We always cover windows with plastic to keep stucco off the frame and to prevent the glass from being scratched. The plastic is held on with plastic tape, which is removed as soon as the repairs are complete. The tape can leave an adhesive residue if you leave it on too long. Never use duct tape, because the adhesive ruins vinyl frames.

Base and finish coat. The one-coat material is mixed on site and applied to the lath with a trowel. We don't want it to sag, so we add just enough water to create a very stiff mix. I'll build the base coat flush to the surrounding stucco and then use a sponge float to smooth it out. In some cases, I'll cut it back slightly to accommodate the thickness of the finish coat. This might be 1/8 inch for smooth finishes and more for textures. A day or so later, we'll come back to apply the top coat.


For the sand finish being applied here, the top coat is applied with a trowel.

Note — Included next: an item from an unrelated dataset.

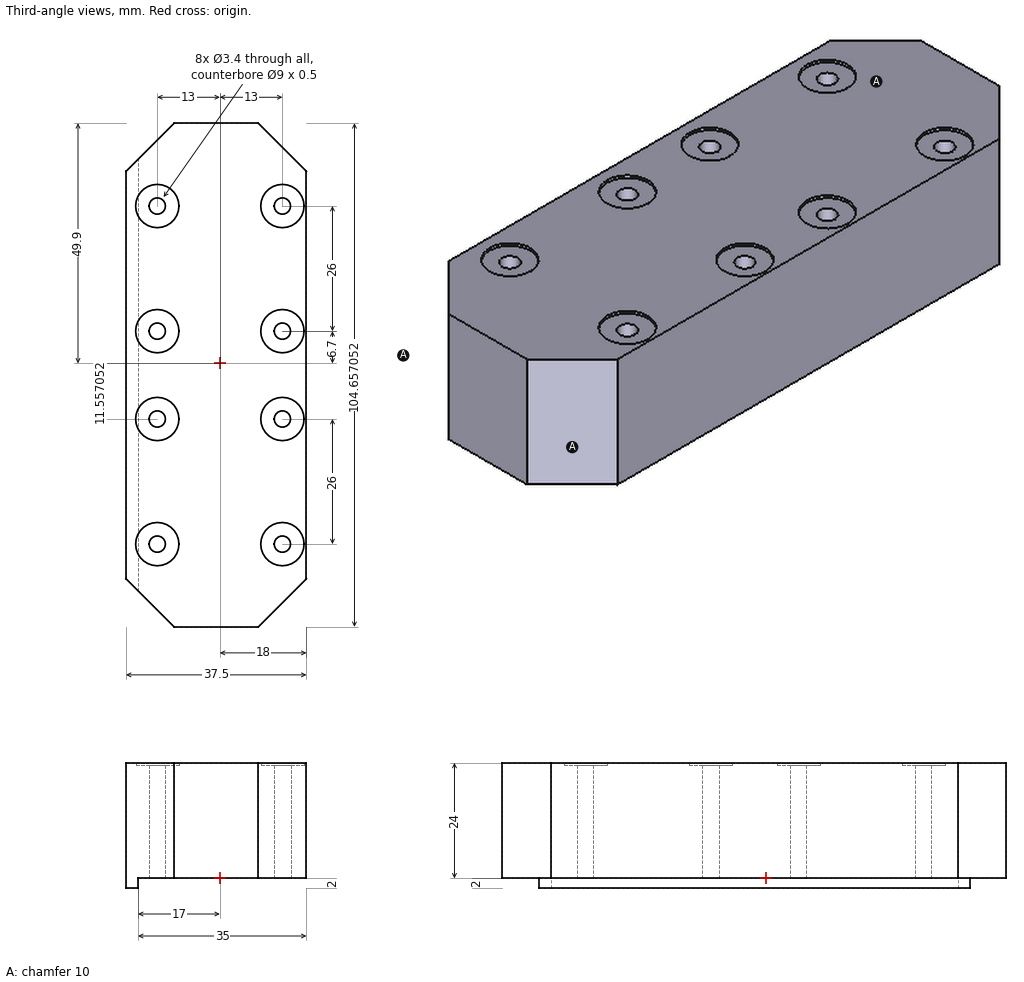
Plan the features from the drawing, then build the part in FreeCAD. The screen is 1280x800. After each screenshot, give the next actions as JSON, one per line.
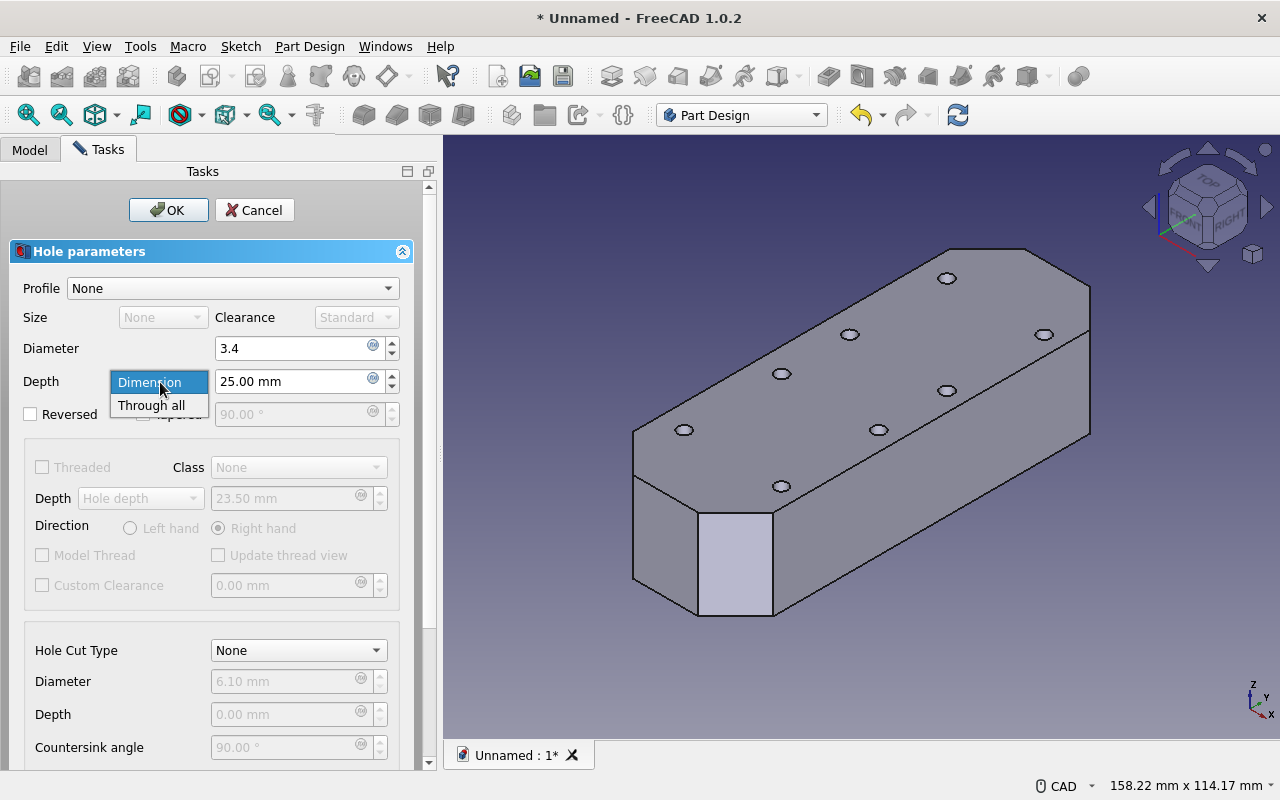
{"action": "left_click", "coordinate": [158, 406]}

It is then feathered out with a sponge float, which brings the sand to the surface.

There are many different ways to apply the top coat of stucco. It can go on smooth or textured, be painted after it cures or be applied with the color already in it. It's beyond the scope of this article to describe all the ways there are to apply texture, but I can explain how we do the sand finish that's on the houses pictured here.

The top coat has to cover the areas we patched and feather onto the existing stucco. If distance isn't too great, we'll extend the top coat to the nearest corner. That way the transition between new and old will be harder to see. Stucco does not adhere well to paint, so if the building was painted, you'll need to use a liquid bonding agent. It gets applied to painted surfaces where the top coat will be feathered in. We generally use bonding agent on all patches, because it prevents the base coat from sucking the moisture out of the top coat. This makes the top coat easier to work and prevents cracks by promoting an even cure.

The top coat is applied with a trowel and goes on about 1/8 inch thick. We use a sponge float to smooth it out, feather it in, and create texture by exposing the sand in the mix. Once the building is painted, you won't be able to tell where repairs were made. If the underlying paper and lath were properly tied in, there will be no cracks or leaks.

Don Thorvund
has been in the stucco trade for 20-plus years and is the owner of TNT Plastering in Fremont, Calif.